Each of the questions given below consists of two statements numbered I and II given below it. Please read the questions carefully and decide whether the data provided in the statement(s) is / are sufficient to answer the given question.

1)

What was the total compound interest on a sum after $3$ years ?

I. The interest after one year was Rs. $100$ and the sum was Rs. $1000$.
II. The difference between simple and compound interest on a sum of Rs. $1000$ at the end of $2$ years was Rs. $10$.
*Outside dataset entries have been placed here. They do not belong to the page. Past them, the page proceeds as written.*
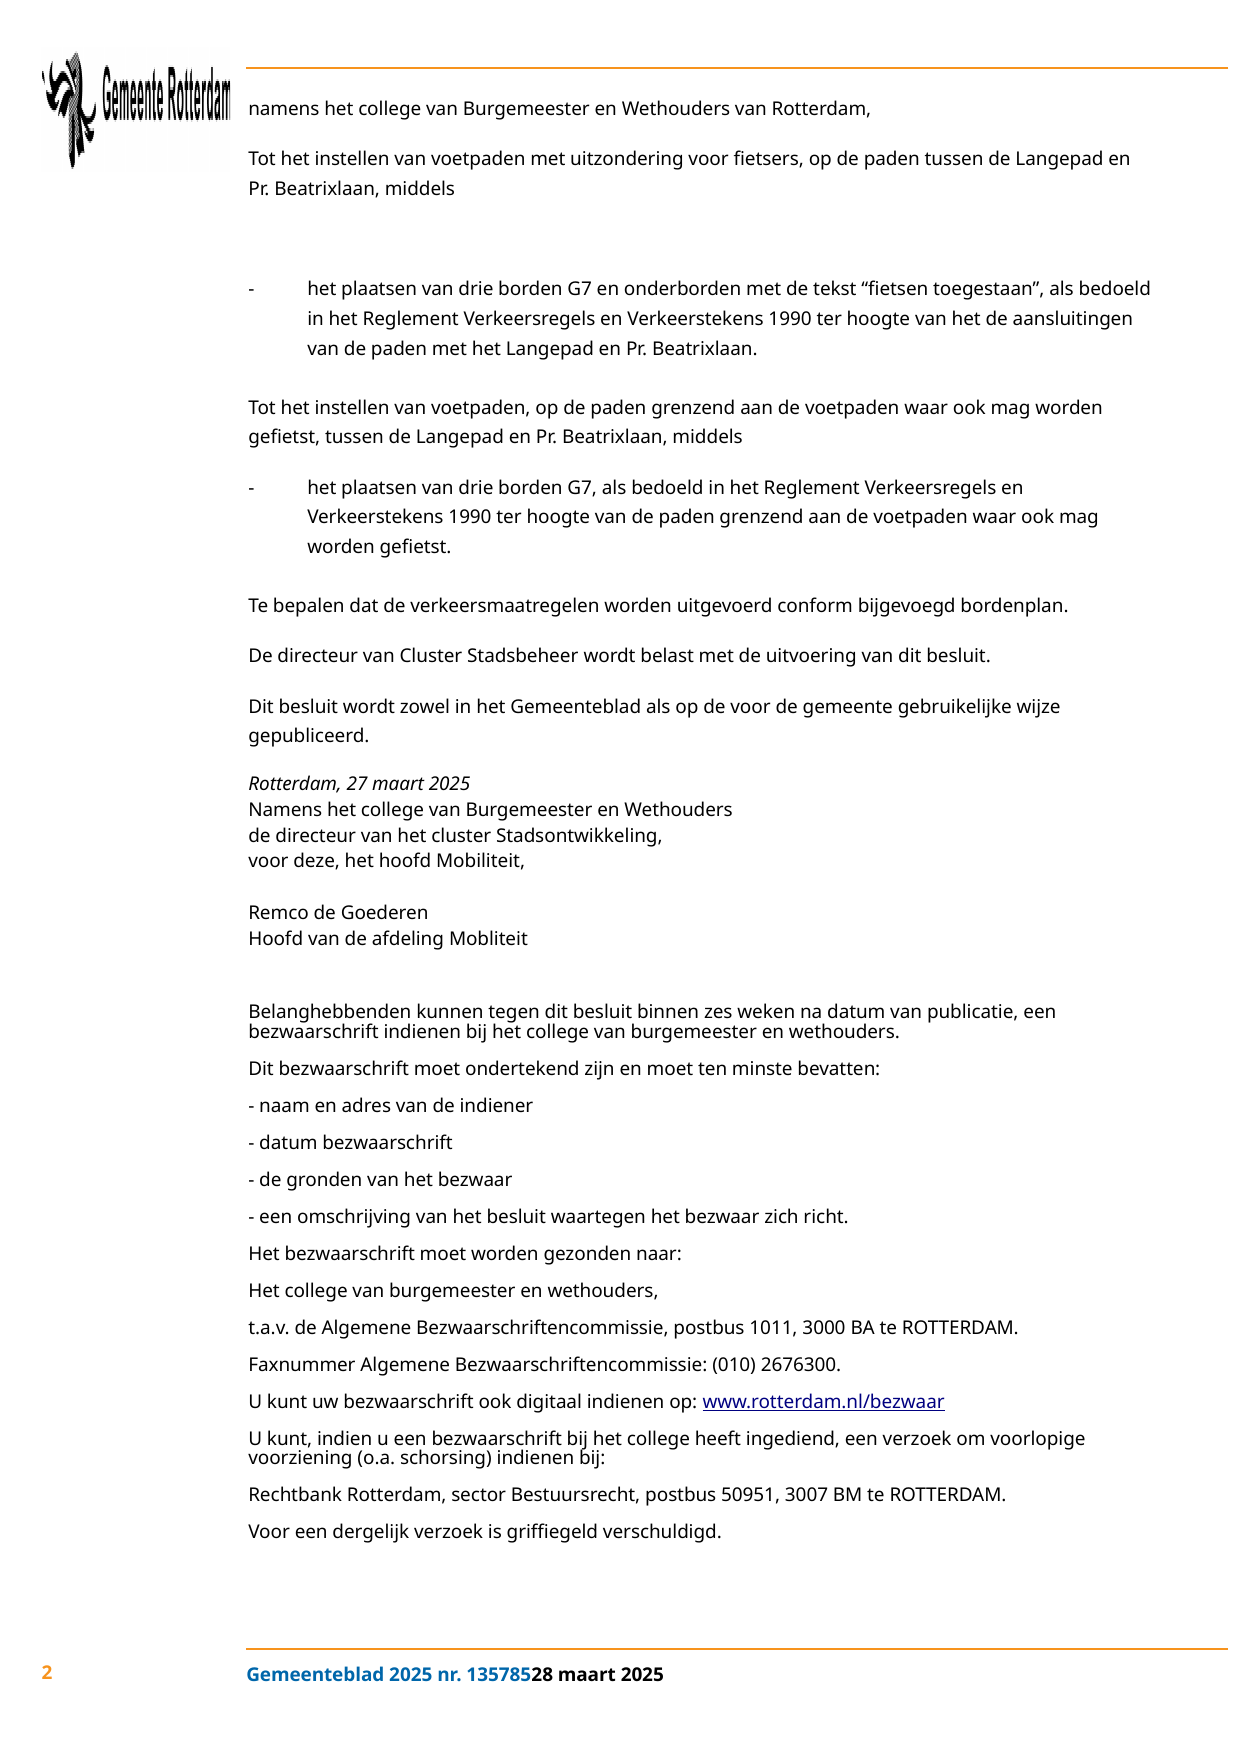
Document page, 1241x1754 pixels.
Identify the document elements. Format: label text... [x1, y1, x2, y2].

text Rechtbank Rotterdam, sector Bestuursrecht, postbus 50951, 3007 BM te ROTTERDAM. [248, 1486, 1152, 1505]
text Te bepalen dat de verkeersmaatregelen worden uitgevoerd conform bijgevoegd bordenplan. [248, 592, 1152, 618]
text t.a.v. de Algemene Bezwaarschriftencommissie, postbus 1011, 3000 BA te ROTTERDAM. [248, 1319, 1152, 1338]
text Hoofd van de afdeling Mobliteit [248, 925, 1152, 951]
text Het college van burgemeester en wethouders, [248, 1282, 1152, 1301]
text de directeur van het cluster Stadsontwikkeling, [248, 822, 1152, 848]
text Tot het instellen van voetpaden, op de paden grenzend aan de voetpaden waar ook mag worden gefietst, tussen de Langepad en Pr. Beatrixlaan, middels [248, 394, 1152, 449]
list het plaatsen van drie borden G7 en onderborden met de tekst “fietsen toegestaan”, als bedoeld in het Reglement Verkeersregels en Verkeerstekens 1990 ter hoogte van het de aansluitingen van de paden met het Langepad en Pr. Beatrixlaan. [248, 276, 1152, 361]
text Namens het college van Burgemeester en Wethouders [248, 796, 1152, 822]
text Belanghebbenden kunnen tegen dit besluit binnen zes weken na datum van publicatie, een bezwaarschrift indienen bij het college van burgemeester en wethouders. [248, 1003, 1152, 1042]
text - een omschrijving van het besluit waartegen het bezwaar zich richt. [248, 1208, 1152, 1227]
list het plaatsen van drie borden G7, als bedoeld in het Reglement Verkeersregels en Verkeerstekens 1990 ter hoogte van de paden grenzend aan de voetpaden waar ook mag worden gefietst. [248, 474, 1152, 559]
text - naam en adres van de indiener [248, 1097, 1152, 1116]
text U kunt uw bezwaarschrift ook digitaal indienen op: www.rotterdam.nl/bezwaar [248, 1393, 1152, 1412]
text Het bezwaarschrift moet worden gezonden naar: [248, 1245, 1152, 1264]
text Dit besluit wordt zowel in het Gemeenteblad als op de voor de gemeente gebruikelijke wijze gepubliceerd. [248, 693, 1152, 748]
picture [41, 47, 231, 172]
text - de gronden van het bezwaar [248, 1171, 1152, 1190]
text Tot het instellen van voetpaden met uitzondering voor fietsers, op de paden tussen de Langepad en Pr. Beatrixlaan, middels [248, 145, 1152, 201]
text namens het college van Burgemeester en Wethouders van Rotterdam, [248, 95, 1152, 121]
text Dit bezwaarschrift moet ondertekend zijn en moet ten minste bevatten: [248, 1060, 1152, 1079]
text Remco de Goederen [248, 899, 1152, 925]
text - datum bezwaarschrift [248, 1134, 1152, 1153]
text Rotterdam, 27 maart 2025 [248, 771, 1152, 796]
text De directeur van Cluster Stadsbeheer wordt belast met de uitvoering van dit besluit. [248, 643, 1152, 668]
text Voor een dergelijk verzoek is griffiegeld verschuldigd. [248, 1523, 1152, 1542]
text Faxnummer Algemene Bezwaarschriftencommissie: (010) 2676300. [248, 1356, 1152, 1375]
text voor deze, het hoofd Mobiliteit, [248, 848, 1152, 873]
text U kunt, indien u een bezwaarschrift bij het college heeft ingediend, een verzoek om voorlopige voorziening (o.a. schorsing) indienen bij: [248, 1429, 1152, 1468]
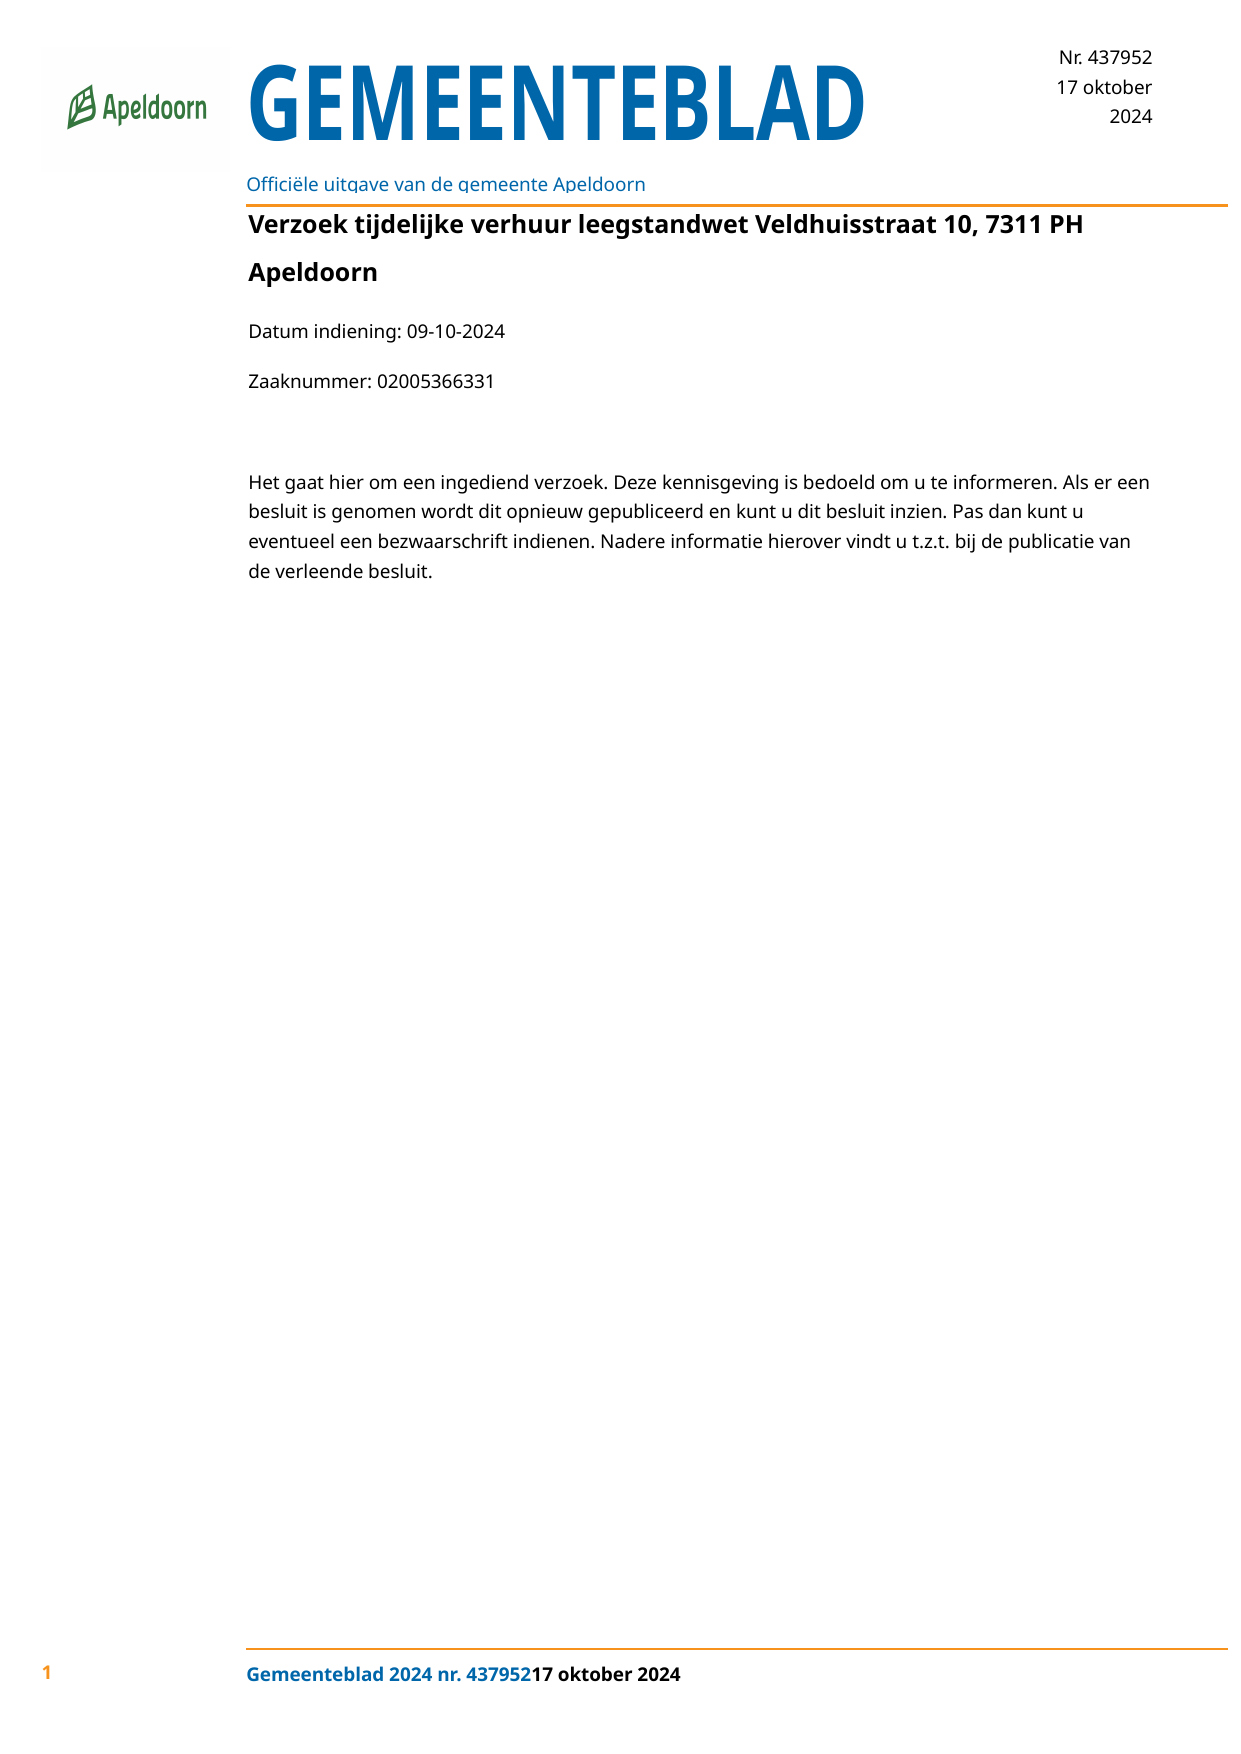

A) I alone sufficient while II alone not sufficient to answer

B) II alone sufficient while I alone not sufficient to answer

C) Either I or II alone sufficient to answer

D) Both I and II are not sufficient to answer

E) Both I and II are necessary to answer

Answer:

Option C

Explanation:

I. gives : $P$ = Rs. $1000$ and $S.I$ for $1$ year = Rs. $100$.

$\therefore$ Rate $=\frac{100\times S.I.}{P\times T}$

$=\frac{100\times 100}{1000\times 1}$ $=10\%$ p.a.

Thus, $P$ = Rs. $1000$,$T=3$ years and $R=10%$ p.a.

$\therefore$ $C.I.$ may be obtained.

II. Sum = Rs. $1000$,$(C.I.)-(S.I.)$ for $2$ years = Rs. $10$.

Let the rate be $R\%$ p.a.

$1000\times\left[\left(1+\frac{R}{100}\right)^{2}-1\right]$ $-\left(\frac{1000\times R\times 2}{100}\right)$ $=10$.

From this, we can find $R$.

Thus $P$, $T$ and $R$ are given and therefore, $C.I$ may be calculated.

Thus, I alone as well as II alone is sufficient to get the answer.

$\therefore$ Correct answer is (C).